До сих пор его опыт общения с девушками сводился к нескольким бурным увлечениям, которые он трагически переживал, так как не умел вызвать ответного чувства, поэтому решил впредь держаться от женщин подальше. Юноше не очень-то понравилось, что Цунетомо пригласил в гости эту девчонку.
— А, вот и ты, Николас. Я хочу познакомить тебя с дочерью моего старого друга. Ее зовут Коуи. — Оябун поднялся с татами. — Мне хотелось, чтобы ты приготовил ей чай. Извини, меня на час вызывают по делам. Постарайся развлечь ее в мое отсутствие.

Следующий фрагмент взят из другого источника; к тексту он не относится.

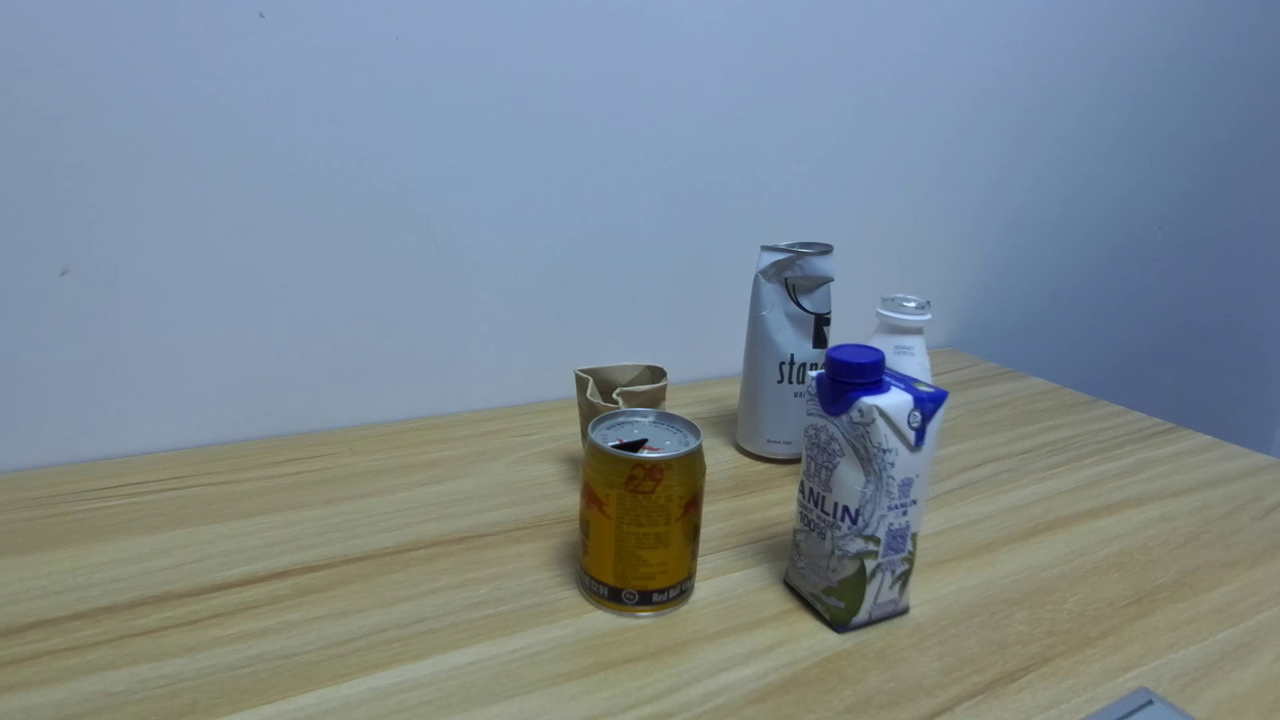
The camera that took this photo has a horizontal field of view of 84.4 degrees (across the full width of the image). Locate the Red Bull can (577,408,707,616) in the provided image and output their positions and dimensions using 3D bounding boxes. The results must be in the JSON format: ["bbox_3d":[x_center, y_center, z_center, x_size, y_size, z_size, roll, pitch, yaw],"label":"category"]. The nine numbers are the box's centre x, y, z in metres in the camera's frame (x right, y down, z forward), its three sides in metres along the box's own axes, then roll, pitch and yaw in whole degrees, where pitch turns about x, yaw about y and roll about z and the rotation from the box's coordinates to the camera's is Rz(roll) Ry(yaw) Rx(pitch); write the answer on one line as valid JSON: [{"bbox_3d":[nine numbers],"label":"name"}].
[{"bbox_3d":[0.001,0.080,0.380,0.067,0.093,0.067,4,18,-1],"label":"Red Bull can"}]

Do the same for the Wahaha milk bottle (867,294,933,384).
[{"bbox_3d":[0.167,0.029,0.471,0.055,0.149,0.055,1,25,0],"label":"Wahaha milk bottle"}]

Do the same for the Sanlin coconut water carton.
[{"bbox_3d":[0.115,0.063,0.370,0.061,0.144,0.060,-5,19,-26],"label":"Sanlin coconut water carton"}]

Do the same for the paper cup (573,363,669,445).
[{"bbox_3d":[-0.006,0.051,0.482,0.067,0.083,0.058,-6,23,-20],"label":"paper cup"}]

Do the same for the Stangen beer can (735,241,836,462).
[{"bbox_3d":[0.113,-0.006,0.543,0.066,0.166,0.066,4,18,7],"label":"Stangen beer can"}]
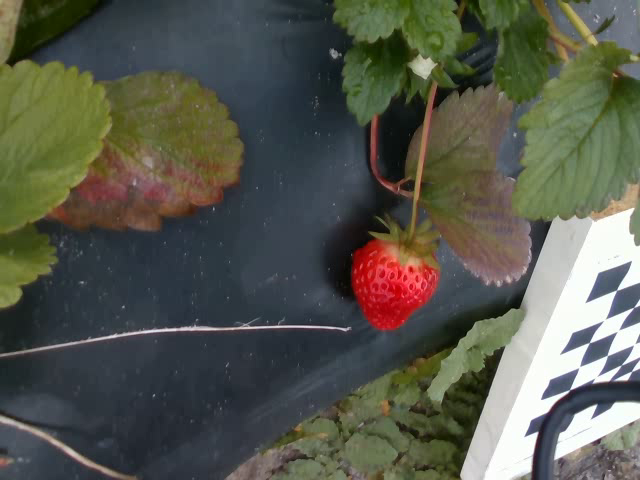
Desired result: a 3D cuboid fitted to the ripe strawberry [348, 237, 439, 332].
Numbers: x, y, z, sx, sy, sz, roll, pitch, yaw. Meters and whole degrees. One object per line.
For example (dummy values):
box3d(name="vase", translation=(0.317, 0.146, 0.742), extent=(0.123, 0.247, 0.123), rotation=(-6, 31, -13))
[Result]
box3d(name="ripe strawberry", translation=(0.021, 0.014, 0.171), extent=(0.028, 0.033, 0.023), rotation=(0, 37, -25))
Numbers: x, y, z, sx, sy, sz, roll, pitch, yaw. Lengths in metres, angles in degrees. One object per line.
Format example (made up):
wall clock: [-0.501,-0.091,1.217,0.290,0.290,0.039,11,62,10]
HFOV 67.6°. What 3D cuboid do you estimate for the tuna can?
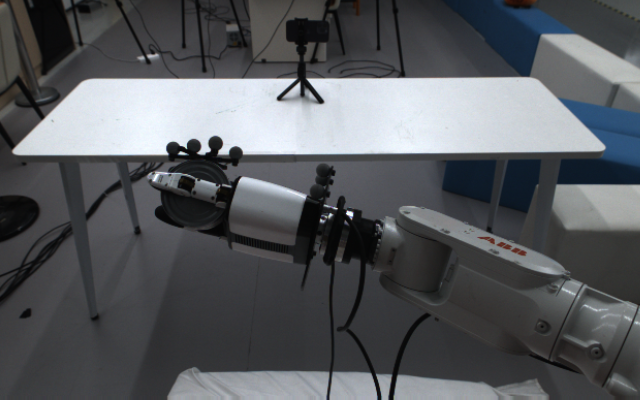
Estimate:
tuna can: [-0.150,-0.005,0.605,0.085,0.034,0.085,0,77,-1]
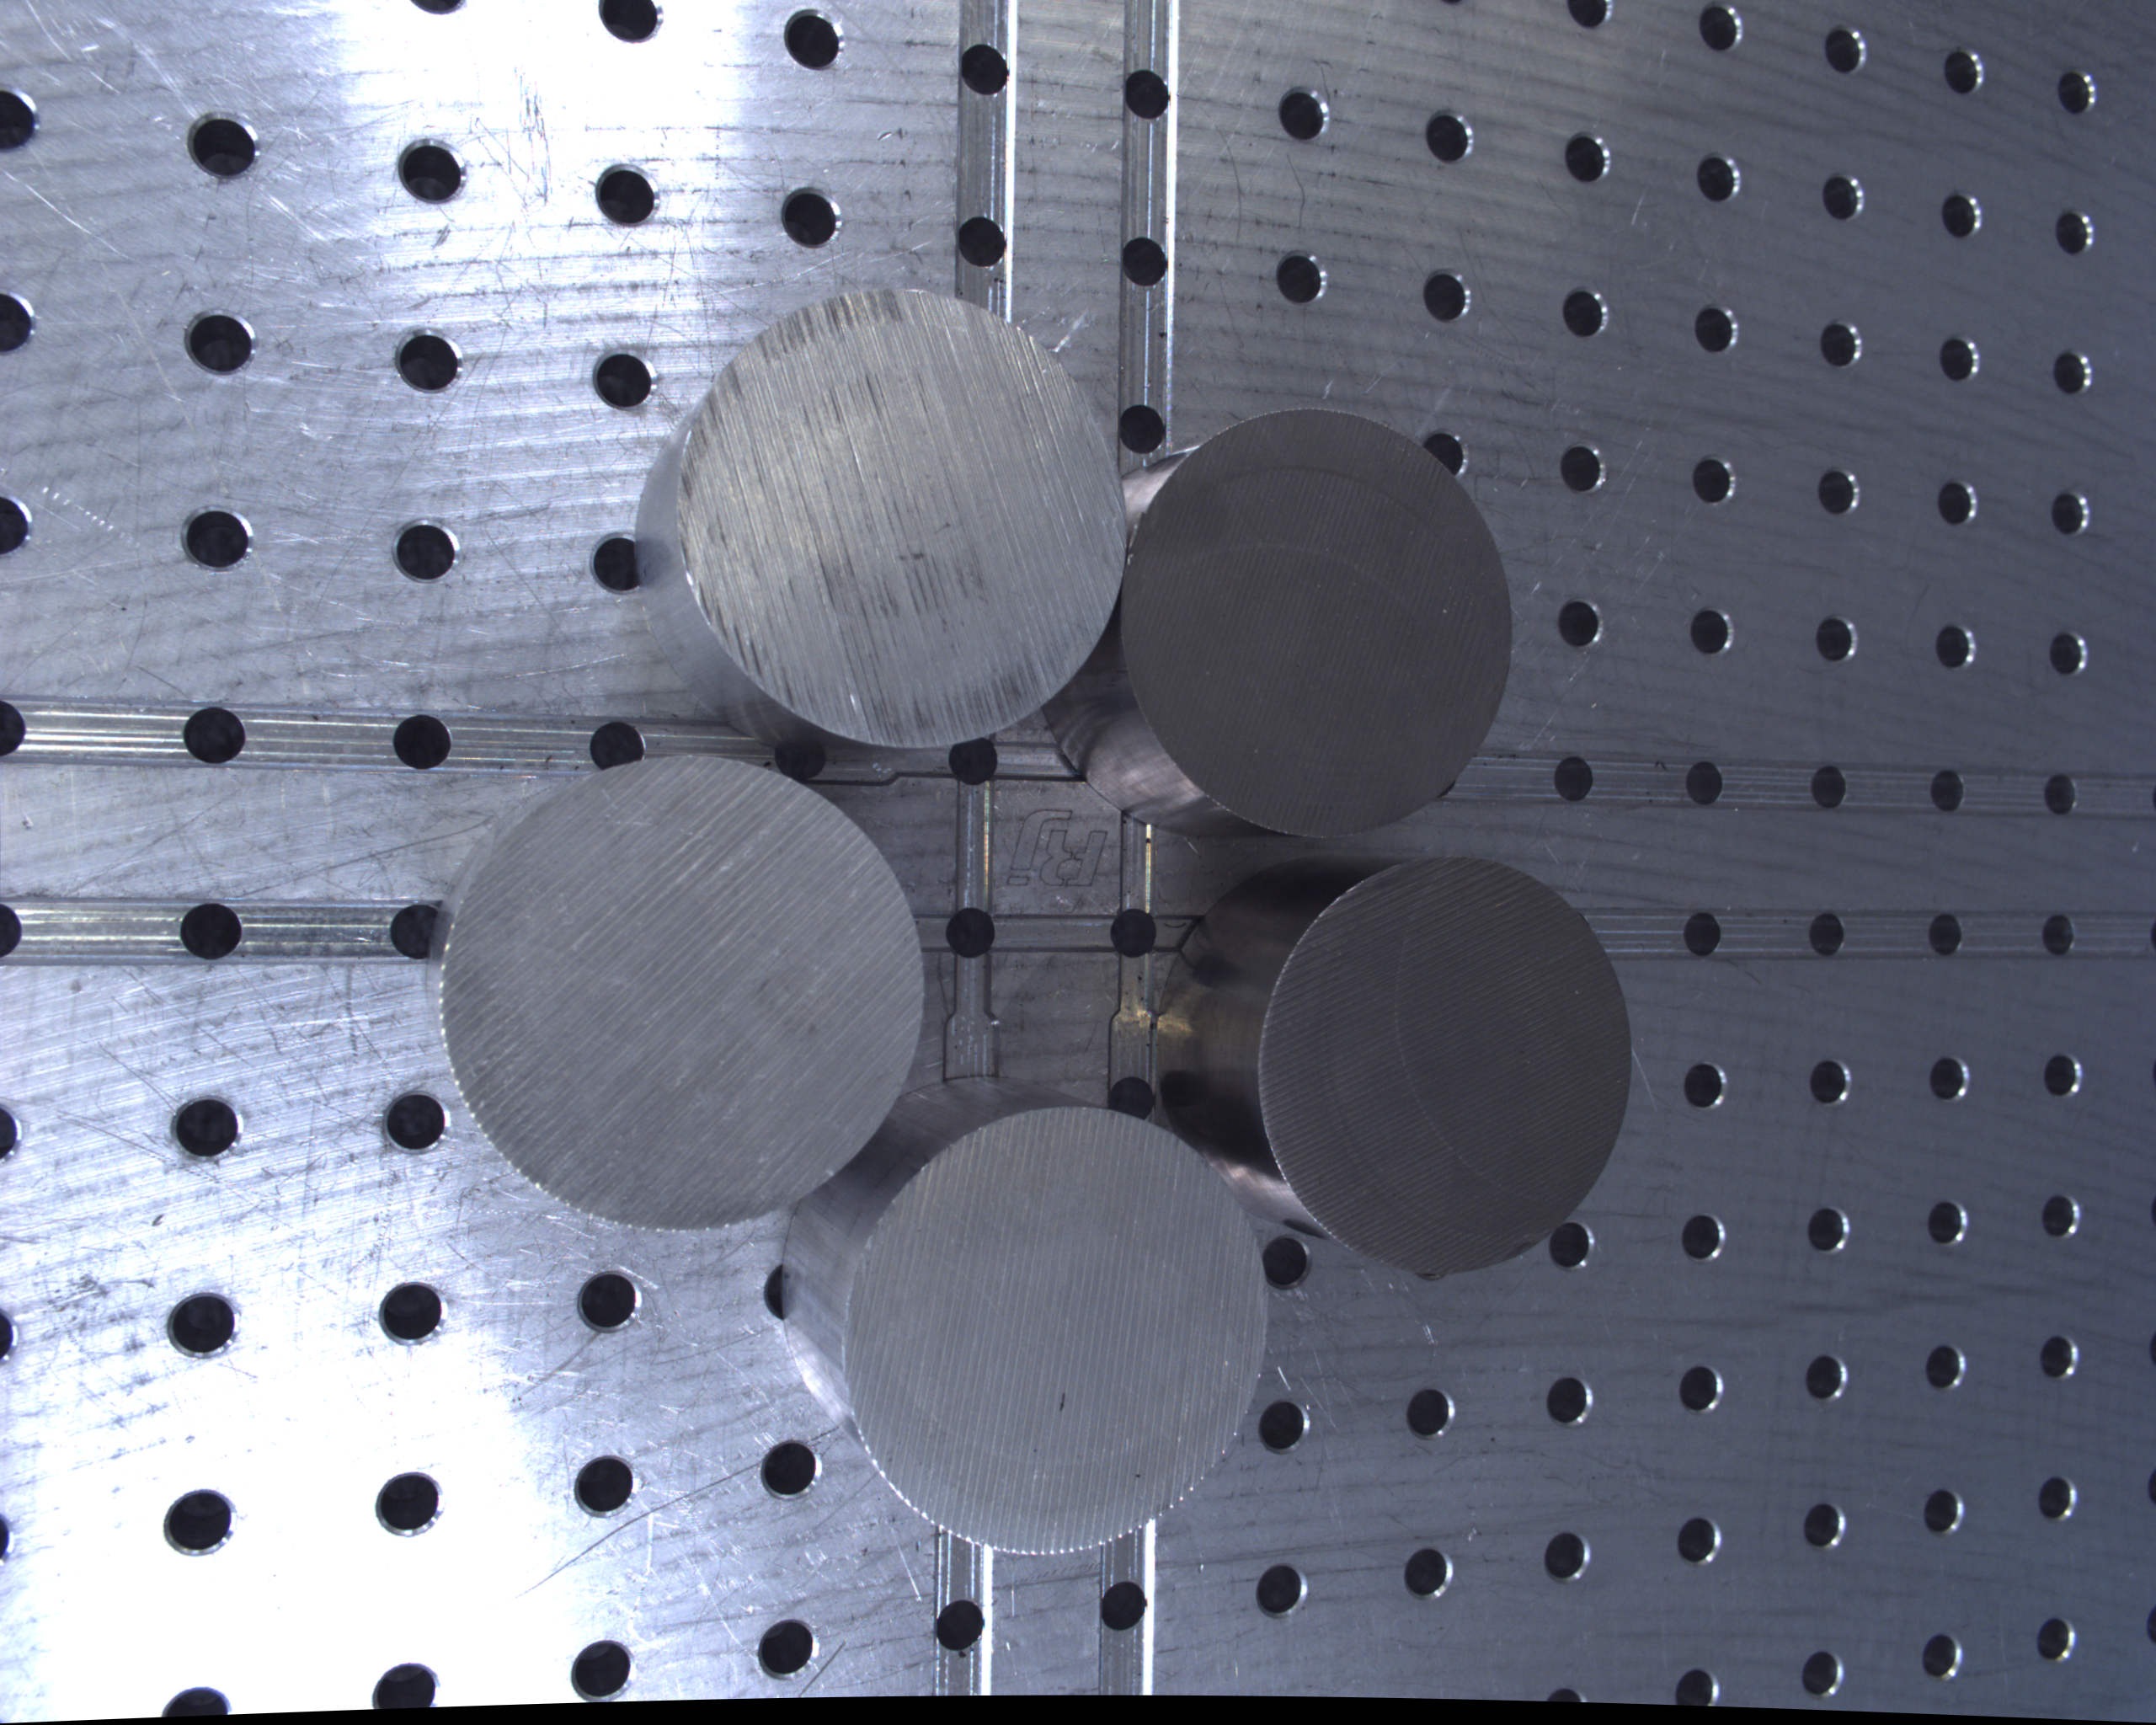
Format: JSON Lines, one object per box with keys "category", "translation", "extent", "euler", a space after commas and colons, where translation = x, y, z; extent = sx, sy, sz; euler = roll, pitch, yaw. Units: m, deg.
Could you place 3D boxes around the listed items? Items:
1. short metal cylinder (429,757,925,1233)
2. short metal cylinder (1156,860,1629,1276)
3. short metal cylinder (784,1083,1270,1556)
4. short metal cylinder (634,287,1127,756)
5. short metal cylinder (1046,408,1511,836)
{"category": "short metal cylinder", "translation": [-0.073, 0.022, 0.372], "extent": [0.081, 0.050, 0.079], "euler": [0, 91, -20]}
{"category": "short metal cylinder", "translation": [0.062, 0.039, 0.421], "extent": [0.081, 0.050, 0.079], "euler": [-1, 92, -20]}
{"category": "short metal cylinder", "translation": [-0.011, 0.083, 0.394], "extent": [0.081, 0.050, 0.080], "euler": [0, 90, -19]}
{"category": "short metal cylinder", "translation": [-0.038, -0.060, 0.385], "extent": [0.081, 0.050, 0.079], "euler": [0, 90, -20]}
{"category": "short metal cylinder", "translation": [0.037, -0.045, 0.412], "extent": [0.081, 0.050, 0.079], "euler": [0, 90, -20]}

Коуи не была красавицей, особенно если рассматривать черты ее лица в отдельности. У нее был маленький вялый рот, большие глаза не отличались выразительностью, скулы казались слишком жестко очерченными. Только ее кожа отличалась удивительной белизной, как у легендарных чесёси прошлого столетия, никогда не выходивших на солнце без зонтика.
Когда девушка опустилась на колени, прижав локти к бедрам, она выглядела немного болезненной и неуклюжей. Николасу даже показалось, что она страдает каким-то увечьем.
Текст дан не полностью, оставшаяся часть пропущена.